(Dataset entries)

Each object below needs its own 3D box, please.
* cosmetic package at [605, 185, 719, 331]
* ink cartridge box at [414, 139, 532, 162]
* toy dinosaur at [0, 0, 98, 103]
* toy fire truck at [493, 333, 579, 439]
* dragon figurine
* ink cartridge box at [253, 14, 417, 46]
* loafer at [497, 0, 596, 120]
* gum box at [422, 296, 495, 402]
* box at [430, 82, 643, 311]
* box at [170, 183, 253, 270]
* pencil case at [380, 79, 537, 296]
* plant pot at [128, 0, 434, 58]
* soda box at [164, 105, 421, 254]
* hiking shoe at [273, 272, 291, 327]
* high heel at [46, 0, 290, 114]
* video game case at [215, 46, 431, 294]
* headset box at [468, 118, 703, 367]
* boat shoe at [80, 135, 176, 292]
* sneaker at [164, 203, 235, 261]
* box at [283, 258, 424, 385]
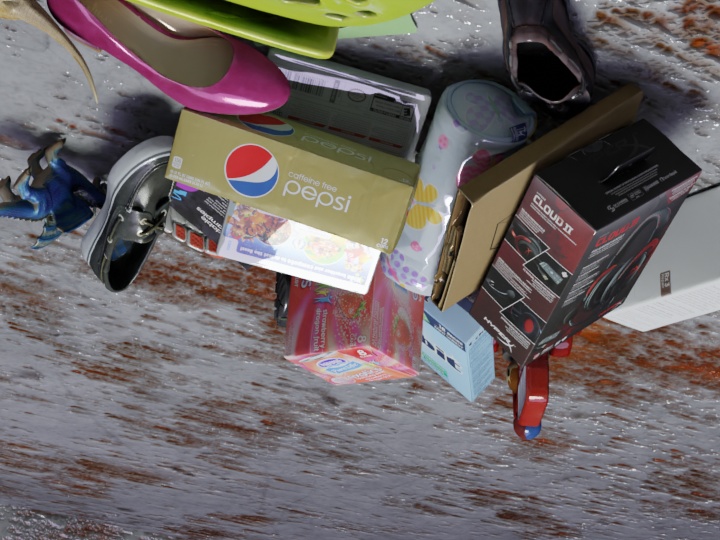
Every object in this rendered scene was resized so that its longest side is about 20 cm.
[{"bbox_3d":[0.332,-0.014,1.334,0.074,0.102,0.200,18,153,-32],"label":"cosmetic package"},{"bbox_3d":[0.150,-0.055,1.311,0.117,0.068,0.200,-11,152,32],"label":"ink cartridge box"},{"bbox_3d":[-0.271,-0.213,1.014,0.199,0.058,0.101,29,157,2],"label":"toy dinosaur"},{"bbox_3d":[0.193,0.101,1.551,0.112,0.169,0.200,4,158,2],"label":"toy fire truck"},{"bbox_3d":[-0.299,-0.059,1.299,0.059,0.200,0.100,-20,112,34],"label":"dragon figurine"},{"bbox_3d":[-0.048,-0.210,1.005,0.145,0.048,0.200,-2,155,16],"label":"ink cartridge box"},{"bbox_3d":[0.143,-0.161,1.058,0.072,0.063,0.200,-2,158,17],"label":"loafer"},{"bbox_3d":[0.071,0.049,1.488,0.170,0.045,0.200,41,166,20],"label":"gum box"},{"bbox_3d":[0.150,-0.062,1.154,0.200,0.021,0.164,-31,155,-24],"label":"box"},{"bbox_3d":[-0.113,-0.084,1.267,0.143,0.036,0.200,41,146,-13],"label":"box"},{"bbox_3d":[0.082,-0.070,1.169,0.091,0.083,0.200,-22,147,-40],"label":"pencil case"},{"bbox_3d":[-0.059,-0.239,0.749,0.198,0.201,0.181,13,164,-21],"label":"plant pot"},{"bbox_3d":[-0.054,-0.082,1.112,0.199,0.064,0.068,18,-158,2],"label":"soda box"},{"bbox_3d":[-0.043,0.032,1.497,0.100,0.076,0.200,5,-178,0],"label":"hiking shoe"},{"bbox_3d":[-0.147,-0.182,1.040,0.199,0.068,0.096,27,167,2],"label":"high heel"},{"bbox_3d":[-0.035,-0.083,1.169,0.143,0.018,0.201,15,118,-6],"label":"video game case"},{"bbox_3d":[0.193,-0.030,1.149,0.148,0.075,0.200,-27,152,-36],"label":"headset box"},{"bbox_3d":[-0.209,-0.051,1.268,0.068,0.057,0.200,-16,157,-36],"label":"boat shoe"},{"bbox_3d":[-0.150,-0.040,1.406,0.200,0.077,0.082,21,159,-33],"label":"sneaker"},{"bbox_3d":[0.000,0.000,1.300,0.102,0.201,0.095,-8,155,31],"label":"box"}]
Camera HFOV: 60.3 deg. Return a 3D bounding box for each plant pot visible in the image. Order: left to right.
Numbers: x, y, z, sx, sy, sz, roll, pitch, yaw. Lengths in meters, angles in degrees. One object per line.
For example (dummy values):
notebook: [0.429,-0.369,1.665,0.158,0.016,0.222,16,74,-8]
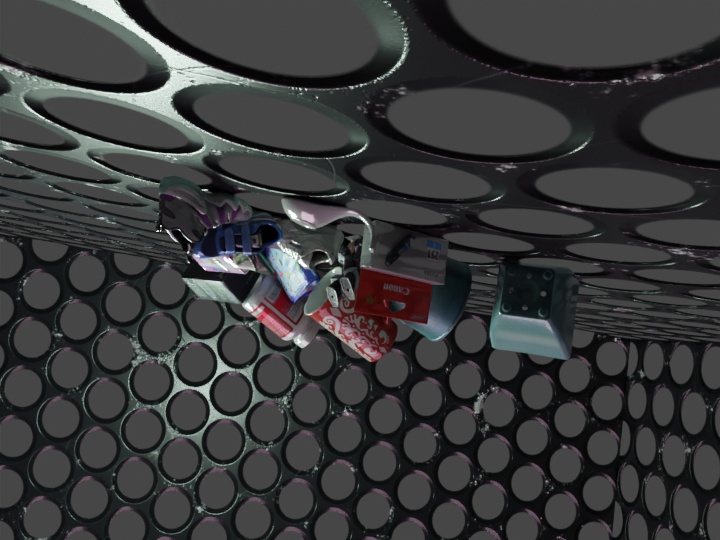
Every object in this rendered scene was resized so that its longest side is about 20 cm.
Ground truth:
plant pot: [0.135,0.035,1.476,0.184,0.205,0.199,26,170,-15]
plant pot: [0.397,0.076,1.444,0.190,0.202,0.200,6,164,24]

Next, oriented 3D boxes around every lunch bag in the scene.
lunch bag: [-0.162,-0.021,1.494,0.093,0.153,0.200,-30,174,-11]

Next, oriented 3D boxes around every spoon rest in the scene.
spoon rest: [-0.056,-0.098,1.153,0.195,0.062,0.099,23,174,4]

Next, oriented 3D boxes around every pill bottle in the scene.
pill bottle: [-0.202,0.106,1.615,0.199,0.114,0.112,42,163,-18]

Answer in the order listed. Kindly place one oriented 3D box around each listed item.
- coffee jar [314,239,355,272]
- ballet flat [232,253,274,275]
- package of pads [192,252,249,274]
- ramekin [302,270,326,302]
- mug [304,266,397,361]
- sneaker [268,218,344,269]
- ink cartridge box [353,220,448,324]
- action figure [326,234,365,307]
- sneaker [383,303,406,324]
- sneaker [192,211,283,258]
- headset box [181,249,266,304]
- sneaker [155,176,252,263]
coffee jar: [-0.019,-0.025,1.564,0.102,0.088,0.197,-2,168,43]
ballet flat: [-0.260,-0.052,1.364,0.068,0.067,0.203,47,167,50]
package of pads: [-0.312,-0.059,1.495,0.197,0.122,0.076,2,143,49]
ramekin: [-0.083,0.029,1.687,0.196,0.209,0.094,10,163,-16]
mug: [-0.006,0.104,1.412,0.199,0.135,0.176,42,152,-19]
sneaker: [-0.137,-0.056,1.348,0.193,0.102,0.076,3,147,14]
ink cartridge box: [0.087,0.008,1.268,0.195,0.182,0.044,12,173,-32]
action figure: [-0.004,-0.015,1.317,0.127,0.202,0.070,-8,124,36]
sneaker: [0.099,0.030,1.620,0.113,0.203,0.076,35,133,-27]
sneaker: [-0.245,-0.069,1.259,0.196,0.076,0.082,-21,-146,-33]
headset box: [-0.344,-0.014,1.630,0.196,0.177,0.093,4,144,41]
sneaker: [-0.298,-0.082,1.168,0.196,0.145,0.077,14,171,-41]

■ PROBLEM ■
Every record above should be transcribed exactly; the pictures stay out of the copy.

■ TASK RESPONSE ■
Each object below needs its own 3D box, please.
* cosmetic package at [605, 185, 719, 331]
* ink cartridge box at [414, 139, 532, 162]
* toy dinosaur at [0, 0, 98, 103]
* toy fire truck at [493, 333, 579, 439]
* dragon figurine
* ink cartridge box at [253, 14, 417, 46]
* loafer at [497, 0, 596, 120]
* gum box at [422, 296, 495, 402]
* box at [430, 82, 643, 311]
* box at [170, 183, 253, 270]
* pencil case at [380, 79, 537, 296]
* plant pot at [128, 0, 434, 58]
* soda box at [164, 105, 421, 254]
* hiking shoe at [273, 272, 291, 327]
* high heel at [46, 0, 290, 114]
* video game case at [215, 46, 431, 294]
* headset box at [468, 118, 703, 367]
* boat shoe at [80, 135, 176, 292]
* sneaker at [164, 203, 235, 261]
* box at [283, 258, 424, 385]
Every object in this rendered scene was resized so that its longest side is about 20 cm.
[{"bbox_3d":[0.332,-0.014,1.334,0.074,0.102,0.200,18,153,-32],"label":"cosmetic package"},{"bbox_3d":[0.150,-0.055,1.311,0.117,0.068,0.200,-11,152,32],"label":"ink cartridge box"},{"bbox_3d":[-0.271,-0.213,1.014,0.199,0.058,0.101,29,157,2],"label":"toy dinosaur"},{"bbox_3d":[0.193,0.101,1.551,0.112,0.169,0.200,4,158,2],"label":"toy fire truck"},{"bbox_3d":[-0.299,-0.059,1.299,0.059,0.200,0.100,-20,112,34],"label":"dragon figurine"},{"bbox_3d":[-0.048,-0.210,1.005,0.145,0.048,0.200,-2,155,16],"label":"ink cartridge box"},{"bbox_3d":[0.143,-0.161,1.058,0.072,0.063,0.200,-2,158,17],"label":"loafer"},{"bbox_3d":[0.071,0.049,1.488,0.170,0.045,0.200,41,166,20],"label":"gum box"},{"bbox_3d":[0.150,-0.062,1.154,0.200,0.021,0.164,-31,155,-24],"label":"box"},{"bbox_3d":[-0.113,-0.084,1.267,0.143,0.036,0.200,41,146,-13],"label":"box"},{"bbox_3d":[0.082,-0.070,1.169,0.091,0.083,0.200,-22,147,-40],"label":"pencil case"},{"bbox_3d":[-0.059,-0.239,0.749,0.198,0.201,0.181,13,164,-21],"label":"plant pot"},{"bbox_3d":[-0.054,-0.082,1.112,0.199,0.064,0.068,18,-158,2],"label":"soda box"},{"bbox_3d":[-0.043,0.032,1.497,0.100,0.076,0.200,5,-178,0],"label":"hiking shoe"},{"bbox_3d":[-0.147,-0.182,1.040,0.199,0.068,0.096,27,167,2],"label":"high heel"},{"bbox_3d":[-0.035,-0.083,1.169,0.143,0.018,0.201,15,118,-6],"label":"video game case"},{"bbox_3d":[0.193,-0.030,1.149,0.148,0.075,0.200,-27,152,-36],"label":"headset box"},{"bbox_3d":[-0.209,-0.051,1.268,0.068,0.057,0.200,-16,157,-36],"label":"boat shoe"},{"bbox_3d":[-0.150,-0.040,1.406,0.200,0.077,0.082,21,159,-33],"label":"sneaker"},{"bbox_3d":[0.000,0.000,1.300,0.102,0.201,0.095,-8,155,31],"label":"box"}]
Camera HFOV: 60.3 deg. Return a 3D bounding box for each plant pot visible in the image. Order: left to right.
Numbers: x, y, z, sx, sy, sz, roll, pitch, yaw. Lengths in meters, angles in degrees. One object per line.
For example (dummy values):
notebook: [0.429,-0.369,1.665,0.158,0.016,0.222,16,74,-8]
Every object in this rendered scene was resized so that its longest side is about 20 cm.
Ground truth:
plant pot: [0.135,0.035,1.476,0.184,0.205,0.199,26,170,-15]
plant pot: [0.397,0.076,1.444,0.190,0.202,0.200,6,164,24]

Next, oriented 3D boxes around every lunch bag in the scene.
lunch bag: [-0.162,-0.021,1.494,0.093,0.153,0.200,-30,174,-11]

Next, oriented 3D boxes around every spoon rest in the scene.
spoon rest: [-0.056,-0.098,1.153,0.195,0.062,0.099,23,174,4]

Next, oriented 3D boxes around every pill bottle in the scene.
pill bottle: [-0.202,0.106,1.615,0.199,0.114,0.112,42,163,-18]

Answer in the order listed. Kindly place one oriented 3D box around each listed item.
- coffee jar [314,239,355,272]
- ballet flat [232,253,274,275]
- package of pads [192,252,249,274]
- ramekin [302,270,326,302]
- mug [304,266,397,361]
- sneaker [268,218,344,269]
- ink cartridge box [353,220,448,324]
- action figure [326,234,365,307]
- sneaker [383,303,406,324]
- sneaker [192,211,283,258]
- headset box [181,249,266,304]
- sneaker [155,176,252,263]
coffee jar: [-0.019,-0.025,1.564,0.102,0.088,0.197,-2,168,43]
ballet flat: [-0.260,-0.052,1.364,0.068,0.067,0.203,47,167,50]
package of pads: [-0.312,-0.059,1.495,0.197,0.122,0.076,2,143,49]
ramekin: [-0.083,0.029,1.687,0.196,0.209,0.094,10,163,-16]
mug: [-0.006,0.104,1.412,0.199,0.135,0.176,42,152,-19]
sneaker: [-0.137,-0.056,1.348,0.193,0.102,0.076,3,147,14]
ink cartridge box: [0.087,0.008,1.268,0.195,0.182,0.044,12,173,-32]
action figure: [-0.004,-0.015,1.317,0.127,0.202,0.070,-8,124,36]
sneaker: [0.099,0.030,1.620,0.113,0.203,0.076,35,133,-27]
sneaker: [-0.245,-0.069,1.259,0.196,0.076,0.082,-21,-146,-33]
headset box: [-0.344,-0.014,1.630,0.196,0.177,0.093,4,144,41]
sneaker: [-0.298,-0.082,1.168,0.196,0.145,0.077,14,171,-41]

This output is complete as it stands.